FIG. 12.5. PCA of the NIR spectra of the original samples, the mould infected samples (M) and the samples that were surface cleaned and flattened after irradiation with up to 10 kGy of gamma radiation (MG).

were comparable to those used by the SurveNIR project, and the PCA can be established based on these data, although the SurveNIR project did not generate a large quantity of data. The original NIR spectra of the samples were used for the evaluation. The results of the PCA evaluation are shown in Fig. 12.5.

Figure 12.5 shows not only components 1 and 2 for each sample, but also the direction of ageing (red arrow), which has been put into these graphs starting from the original least aged sample (e.g. paper P1, the softwood cellulose-containing paper). For the three samples it is clear that the arrow points from 1 to MG to M, and that the main deterioration of the materials is caused by mould (M) as this point lies farthest from the original point.

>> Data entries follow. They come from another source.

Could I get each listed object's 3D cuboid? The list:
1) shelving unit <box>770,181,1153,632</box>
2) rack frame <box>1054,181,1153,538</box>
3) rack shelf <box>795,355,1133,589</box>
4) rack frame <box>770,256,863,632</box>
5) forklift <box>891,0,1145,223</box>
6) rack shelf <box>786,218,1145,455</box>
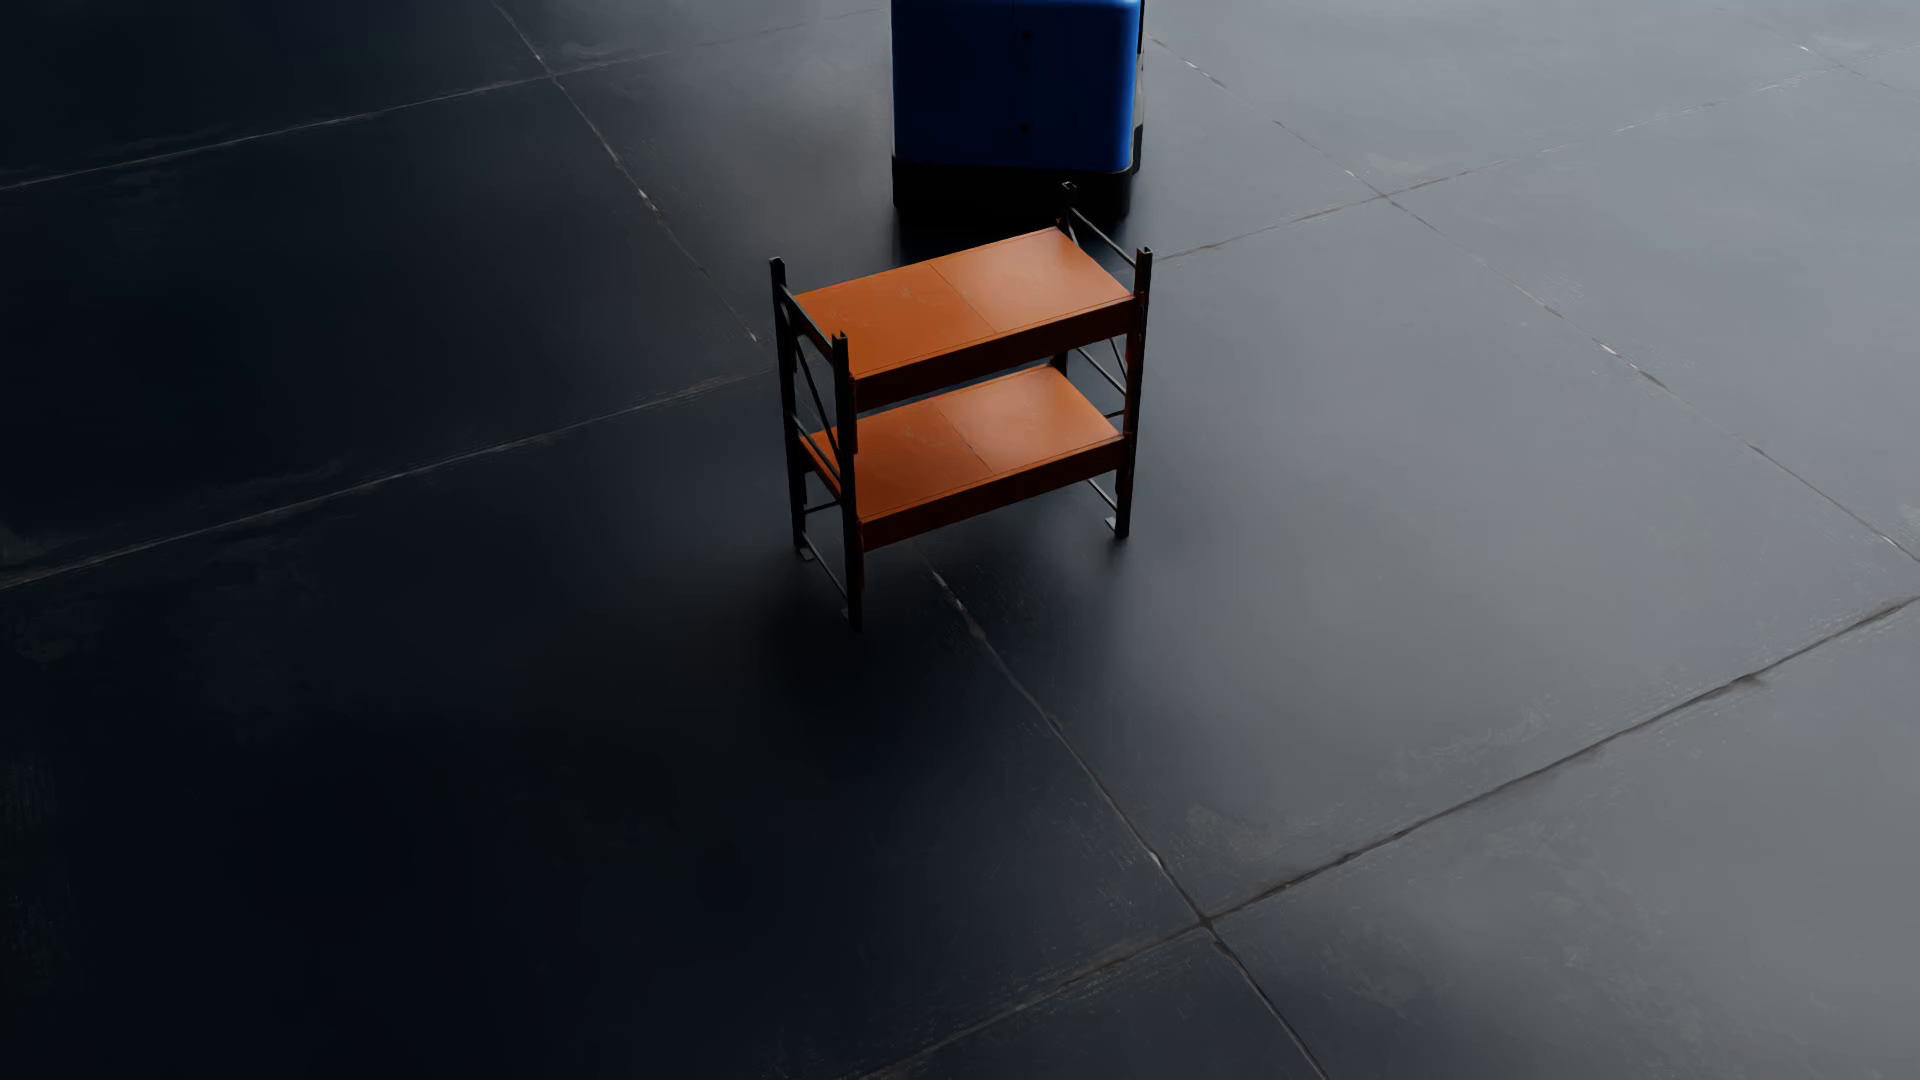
[{"bbox_3d":[0.006,-0.431,5.389,1.048,1.125,0.538,-19,44,-21],"label":"shelving unit"},{"bbox_3d":[0.457,-0.583,5.568,0.032,1.125,0.500,-19,44,-21],"label":"rack frame"},{"bbox_3d":[0.006,-0.245,5.547,1.000,0.278,0.538,-19,44,-21],"label":"rack shelf"},{"bbox_3d":[-0.445,-0.280,5.210,0.032,1.125,0.500,-19,44,-21],"label":"rack frame"},{"bbox_3d":[0.366,-3.452,7.560,1.130,2.935,3.031,4,40,4],"label":"forklift"},{"bbox_3d":[0.006,-0.655,5.200,1.000,0.278,0.538,-19,44,-21],"label":"rack shelf"}]

This method of evaluation demonstrates again that irradiation using 8 ± 2 kGy of gamma radiation (which therefore has a maximum dose of 10 kGy) causes less degradation than mould.

12.7. CONCLUSIONS

The research described in this chapter demonstrated that the SurveNIR assessment method can be applied even to samples that contain mould.

Nevertheless, care should be taken in choosing the location for sampling the NIR spectrum, as papers with mould are extremely inhomogeneous. The sampling locations used for this research appeared visually identical.

Based on the SurveNIR assessment method, it can be concluded that mould caused the highest degree of degradation of the paper materials and that there was no significant difference between mould infected samples irradiated with 8 ± 2 kGy of gamma radiation followed by manual flattening and mould infected samples that were dry cleaned only.